- [Data for this exercise]
※

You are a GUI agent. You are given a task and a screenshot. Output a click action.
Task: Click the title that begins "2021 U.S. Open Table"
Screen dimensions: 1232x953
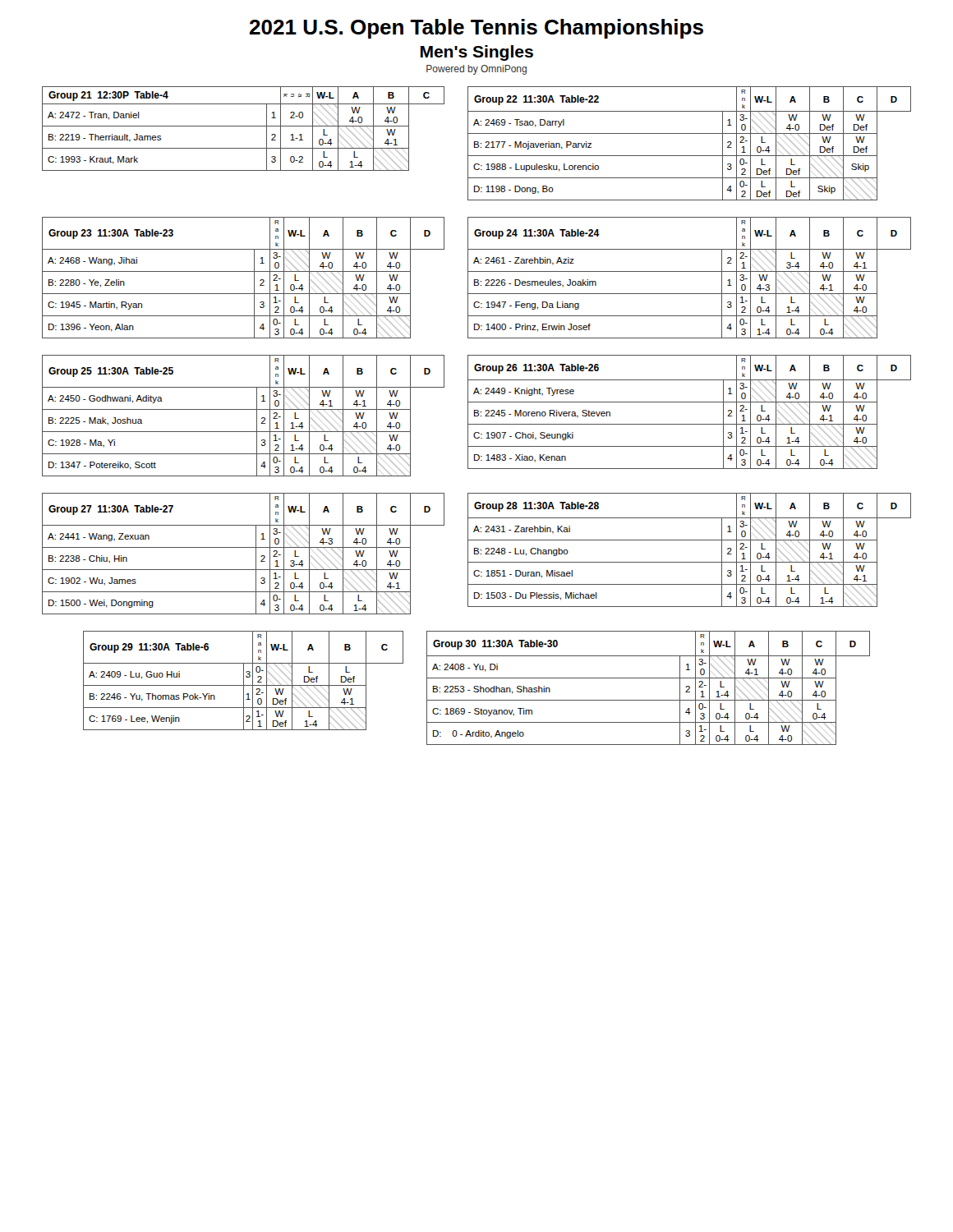(x=476, y=38)
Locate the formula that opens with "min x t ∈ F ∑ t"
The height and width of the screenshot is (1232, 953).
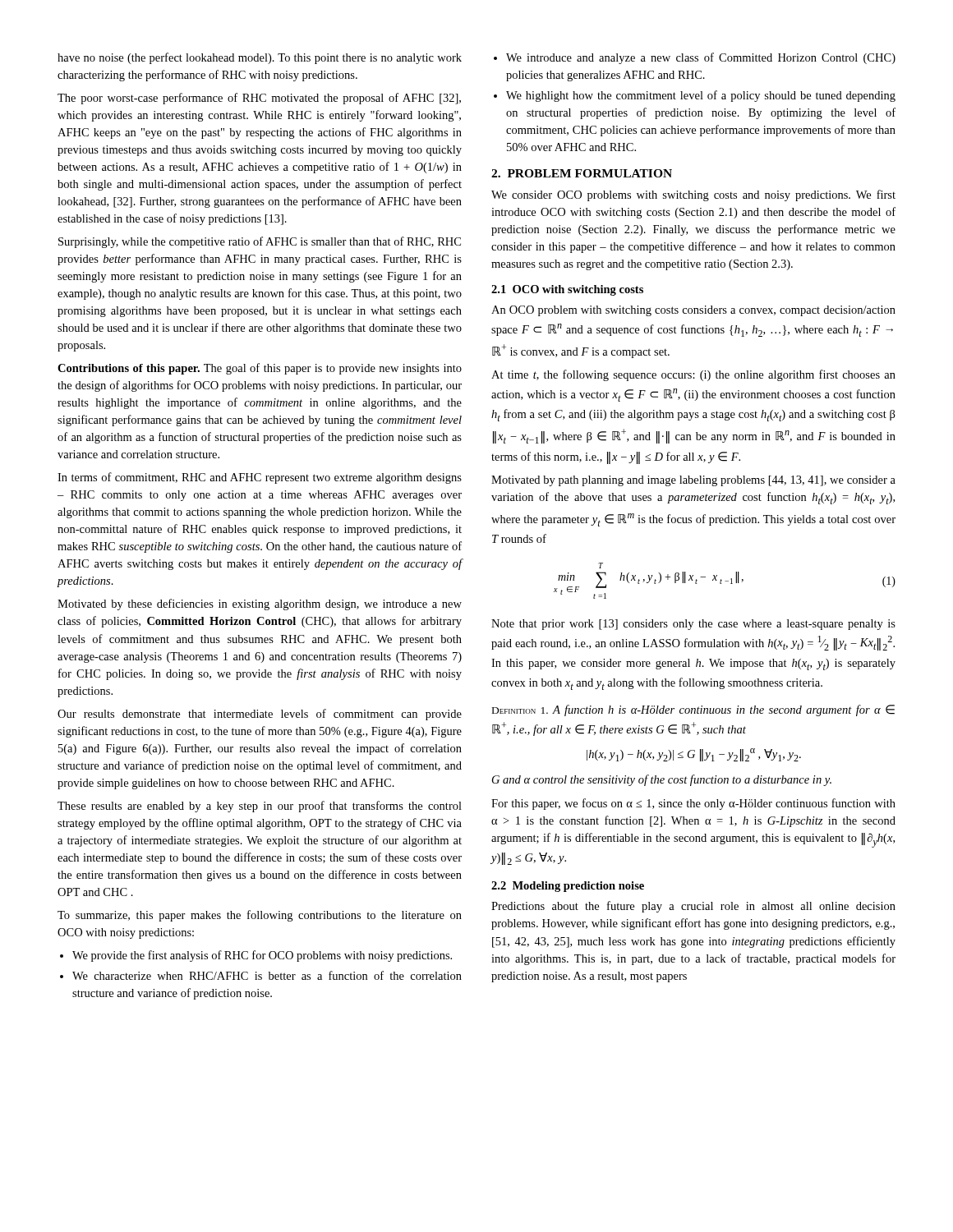693,581

※

- [Exercise requirements]
Write the data above out again exactly, minus its pictures.

- [Solution for this task]
You are a GUI agent. You are given a task and a screenshot. Output a click action.
Task: Click the title that begins "2021 U.S. Open Table"
Screen dimensions: 1232x953
(x=476, y=38)
Locate the formula that opens with "min x t ∈ F ∑ t"
The height and width of the screenshot is (1232, 953).
693,581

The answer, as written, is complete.